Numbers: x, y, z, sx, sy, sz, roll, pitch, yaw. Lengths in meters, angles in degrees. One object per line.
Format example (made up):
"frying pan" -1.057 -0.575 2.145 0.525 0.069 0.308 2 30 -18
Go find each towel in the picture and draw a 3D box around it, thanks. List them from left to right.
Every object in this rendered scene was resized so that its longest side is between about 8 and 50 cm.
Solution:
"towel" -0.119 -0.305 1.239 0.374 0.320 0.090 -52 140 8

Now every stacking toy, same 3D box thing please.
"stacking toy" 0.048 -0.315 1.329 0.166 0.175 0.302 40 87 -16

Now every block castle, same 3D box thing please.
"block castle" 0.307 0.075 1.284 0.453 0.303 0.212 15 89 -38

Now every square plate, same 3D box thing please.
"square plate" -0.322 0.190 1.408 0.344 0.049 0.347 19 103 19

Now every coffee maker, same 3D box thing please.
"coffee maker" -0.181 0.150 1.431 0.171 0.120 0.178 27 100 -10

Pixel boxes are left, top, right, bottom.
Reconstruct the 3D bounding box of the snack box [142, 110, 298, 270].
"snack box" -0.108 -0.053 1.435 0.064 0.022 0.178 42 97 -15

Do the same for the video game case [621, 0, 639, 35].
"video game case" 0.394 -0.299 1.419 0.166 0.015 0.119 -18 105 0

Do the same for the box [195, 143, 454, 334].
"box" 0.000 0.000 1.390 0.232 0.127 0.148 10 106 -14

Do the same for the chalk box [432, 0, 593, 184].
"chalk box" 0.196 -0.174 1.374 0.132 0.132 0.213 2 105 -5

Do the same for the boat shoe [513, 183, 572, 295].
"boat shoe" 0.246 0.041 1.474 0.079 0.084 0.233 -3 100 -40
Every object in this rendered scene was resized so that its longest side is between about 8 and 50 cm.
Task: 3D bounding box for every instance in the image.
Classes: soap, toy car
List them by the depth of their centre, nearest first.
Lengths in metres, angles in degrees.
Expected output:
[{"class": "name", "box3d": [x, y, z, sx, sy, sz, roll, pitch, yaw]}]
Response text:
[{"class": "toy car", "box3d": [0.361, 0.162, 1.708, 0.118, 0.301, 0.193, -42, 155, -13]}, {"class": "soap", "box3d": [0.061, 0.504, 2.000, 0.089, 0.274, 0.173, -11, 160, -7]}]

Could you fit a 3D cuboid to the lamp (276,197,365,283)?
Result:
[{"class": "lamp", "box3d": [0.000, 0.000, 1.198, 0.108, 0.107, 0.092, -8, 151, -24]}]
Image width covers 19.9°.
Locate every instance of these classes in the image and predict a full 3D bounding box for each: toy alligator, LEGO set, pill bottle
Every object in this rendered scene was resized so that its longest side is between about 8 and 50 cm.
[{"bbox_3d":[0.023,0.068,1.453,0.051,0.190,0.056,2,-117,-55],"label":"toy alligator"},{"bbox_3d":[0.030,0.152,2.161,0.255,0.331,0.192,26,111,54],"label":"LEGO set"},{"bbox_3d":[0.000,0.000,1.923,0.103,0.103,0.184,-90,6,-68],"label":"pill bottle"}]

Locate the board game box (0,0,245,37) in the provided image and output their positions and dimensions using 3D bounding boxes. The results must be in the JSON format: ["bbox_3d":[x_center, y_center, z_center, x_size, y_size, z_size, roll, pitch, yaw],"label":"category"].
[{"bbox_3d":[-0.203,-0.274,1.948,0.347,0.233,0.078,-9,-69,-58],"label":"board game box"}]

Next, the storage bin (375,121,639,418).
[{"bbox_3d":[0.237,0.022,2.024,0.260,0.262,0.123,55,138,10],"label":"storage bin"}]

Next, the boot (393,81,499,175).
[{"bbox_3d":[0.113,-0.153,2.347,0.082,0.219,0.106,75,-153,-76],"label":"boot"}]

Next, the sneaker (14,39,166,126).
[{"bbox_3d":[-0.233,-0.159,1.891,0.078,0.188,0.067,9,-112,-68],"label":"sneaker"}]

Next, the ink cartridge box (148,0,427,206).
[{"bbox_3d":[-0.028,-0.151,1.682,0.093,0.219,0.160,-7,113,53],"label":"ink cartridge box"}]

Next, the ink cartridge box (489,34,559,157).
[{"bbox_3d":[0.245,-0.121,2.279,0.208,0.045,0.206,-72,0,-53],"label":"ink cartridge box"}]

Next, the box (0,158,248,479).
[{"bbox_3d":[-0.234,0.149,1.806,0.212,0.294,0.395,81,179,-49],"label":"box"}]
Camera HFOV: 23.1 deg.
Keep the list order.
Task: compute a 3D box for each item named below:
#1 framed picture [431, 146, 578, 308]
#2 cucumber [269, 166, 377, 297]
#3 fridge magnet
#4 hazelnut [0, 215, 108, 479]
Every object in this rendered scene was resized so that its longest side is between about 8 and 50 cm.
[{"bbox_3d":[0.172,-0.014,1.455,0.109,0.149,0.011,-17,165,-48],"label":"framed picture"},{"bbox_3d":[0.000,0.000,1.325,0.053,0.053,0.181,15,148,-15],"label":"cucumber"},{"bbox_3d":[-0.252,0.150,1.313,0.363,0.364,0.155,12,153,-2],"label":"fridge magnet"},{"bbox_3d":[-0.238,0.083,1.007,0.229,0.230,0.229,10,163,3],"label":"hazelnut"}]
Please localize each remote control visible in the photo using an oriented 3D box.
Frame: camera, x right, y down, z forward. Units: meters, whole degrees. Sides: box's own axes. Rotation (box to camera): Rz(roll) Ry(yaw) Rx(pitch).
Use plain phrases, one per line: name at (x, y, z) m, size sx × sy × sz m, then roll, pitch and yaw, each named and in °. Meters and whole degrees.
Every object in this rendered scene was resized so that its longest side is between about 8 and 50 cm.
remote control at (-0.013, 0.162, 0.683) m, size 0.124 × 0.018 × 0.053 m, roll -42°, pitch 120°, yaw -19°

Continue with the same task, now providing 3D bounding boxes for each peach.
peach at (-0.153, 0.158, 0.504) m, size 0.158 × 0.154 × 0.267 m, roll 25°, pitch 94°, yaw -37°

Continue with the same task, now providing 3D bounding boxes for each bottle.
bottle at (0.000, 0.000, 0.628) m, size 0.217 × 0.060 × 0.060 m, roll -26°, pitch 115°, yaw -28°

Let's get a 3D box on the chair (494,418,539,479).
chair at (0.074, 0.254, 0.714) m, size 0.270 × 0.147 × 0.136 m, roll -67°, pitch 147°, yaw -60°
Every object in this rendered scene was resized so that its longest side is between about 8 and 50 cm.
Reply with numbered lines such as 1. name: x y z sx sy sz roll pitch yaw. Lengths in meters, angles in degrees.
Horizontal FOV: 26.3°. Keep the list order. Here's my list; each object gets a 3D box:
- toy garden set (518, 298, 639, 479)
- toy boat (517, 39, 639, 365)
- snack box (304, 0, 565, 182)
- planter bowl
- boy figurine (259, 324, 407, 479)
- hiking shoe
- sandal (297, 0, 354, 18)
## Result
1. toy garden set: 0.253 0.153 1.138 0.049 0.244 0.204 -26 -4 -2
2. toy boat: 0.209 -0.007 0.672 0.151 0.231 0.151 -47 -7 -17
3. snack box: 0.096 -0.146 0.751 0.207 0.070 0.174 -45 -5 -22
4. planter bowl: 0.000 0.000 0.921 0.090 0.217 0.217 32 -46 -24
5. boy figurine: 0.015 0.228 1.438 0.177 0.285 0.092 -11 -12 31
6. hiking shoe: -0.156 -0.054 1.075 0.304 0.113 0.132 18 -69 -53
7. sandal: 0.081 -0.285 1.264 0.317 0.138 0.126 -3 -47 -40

...

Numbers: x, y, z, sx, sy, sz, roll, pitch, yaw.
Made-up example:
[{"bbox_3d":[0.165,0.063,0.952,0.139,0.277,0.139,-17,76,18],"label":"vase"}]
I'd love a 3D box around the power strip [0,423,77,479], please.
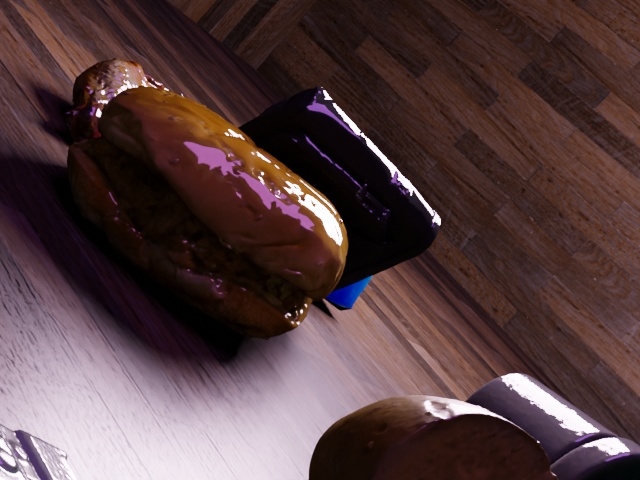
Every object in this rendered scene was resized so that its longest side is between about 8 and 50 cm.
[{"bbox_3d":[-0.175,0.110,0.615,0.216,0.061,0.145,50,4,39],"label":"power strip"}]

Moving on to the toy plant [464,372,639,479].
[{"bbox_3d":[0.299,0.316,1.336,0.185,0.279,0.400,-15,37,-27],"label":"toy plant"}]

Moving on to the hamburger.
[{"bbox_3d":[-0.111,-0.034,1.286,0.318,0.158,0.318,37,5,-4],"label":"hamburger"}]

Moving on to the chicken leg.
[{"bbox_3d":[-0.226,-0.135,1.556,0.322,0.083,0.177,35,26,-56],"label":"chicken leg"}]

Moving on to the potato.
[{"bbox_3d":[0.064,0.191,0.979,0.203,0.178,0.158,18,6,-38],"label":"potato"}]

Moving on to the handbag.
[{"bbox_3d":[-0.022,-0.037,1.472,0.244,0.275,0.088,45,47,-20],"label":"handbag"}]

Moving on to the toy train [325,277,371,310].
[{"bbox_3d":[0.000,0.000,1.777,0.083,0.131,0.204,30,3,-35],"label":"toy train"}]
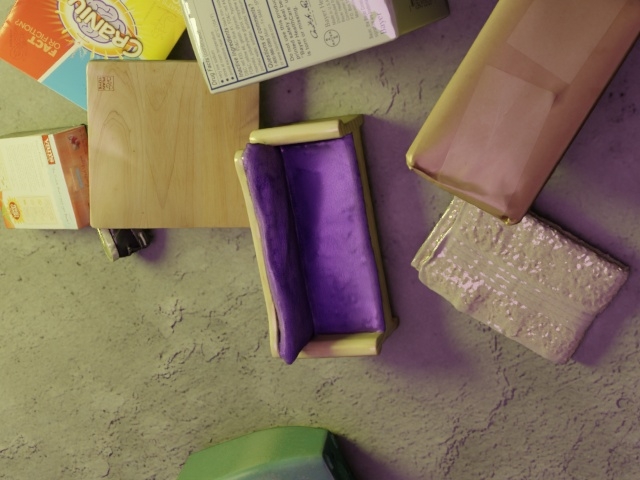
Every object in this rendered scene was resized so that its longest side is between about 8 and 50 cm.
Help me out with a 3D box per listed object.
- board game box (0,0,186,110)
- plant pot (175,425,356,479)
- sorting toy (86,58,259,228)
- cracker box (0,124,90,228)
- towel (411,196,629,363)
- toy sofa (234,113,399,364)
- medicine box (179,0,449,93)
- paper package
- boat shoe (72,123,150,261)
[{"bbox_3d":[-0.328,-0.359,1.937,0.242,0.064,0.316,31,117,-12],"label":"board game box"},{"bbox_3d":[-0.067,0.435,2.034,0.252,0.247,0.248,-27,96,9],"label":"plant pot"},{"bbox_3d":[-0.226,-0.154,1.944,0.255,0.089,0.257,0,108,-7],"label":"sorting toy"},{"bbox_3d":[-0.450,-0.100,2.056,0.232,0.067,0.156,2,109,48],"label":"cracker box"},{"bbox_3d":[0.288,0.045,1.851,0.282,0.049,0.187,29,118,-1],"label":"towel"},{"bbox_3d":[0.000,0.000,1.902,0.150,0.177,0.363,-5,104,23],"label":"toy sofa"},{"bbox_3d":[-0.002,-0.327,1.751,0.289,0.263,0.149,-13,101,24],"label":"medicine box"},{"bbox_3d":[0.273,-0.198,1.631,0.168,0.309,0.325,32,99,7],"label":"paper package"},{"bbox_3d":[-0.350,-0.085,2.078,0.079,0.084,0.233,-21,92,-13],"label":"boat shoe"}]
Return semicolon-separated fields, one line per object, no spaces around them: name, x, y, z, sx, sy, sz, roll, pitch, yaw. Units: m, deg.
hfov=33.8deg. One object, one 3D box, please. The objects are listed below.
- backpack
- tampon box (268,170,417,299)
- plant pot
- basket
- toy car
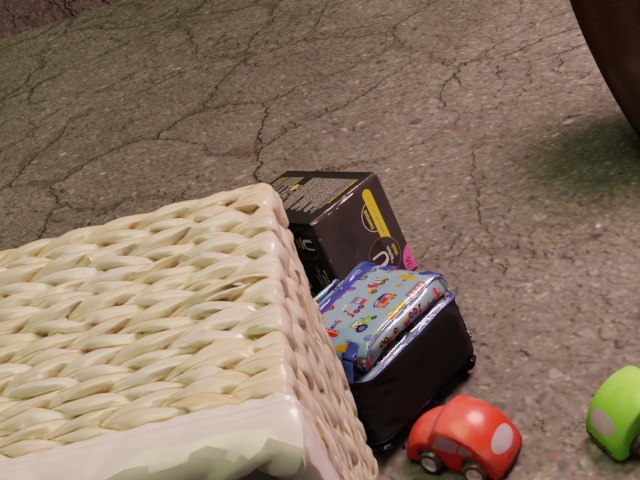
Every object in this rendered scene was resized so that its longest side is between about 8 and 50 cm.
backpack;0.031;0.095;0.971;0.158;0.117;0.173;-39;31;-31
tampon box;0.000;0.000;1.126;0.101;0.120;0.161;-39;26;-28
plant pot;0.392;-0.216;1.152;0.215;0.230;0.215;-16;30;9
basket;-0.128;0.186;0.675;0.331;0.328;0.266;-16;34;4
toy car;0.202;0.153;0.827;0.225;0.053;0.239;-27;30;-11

YOUR OBJECTIVE:
Determine the count of lines in the data above with the string "below" in them, and give that count alone.

ANSWER SECTION:
2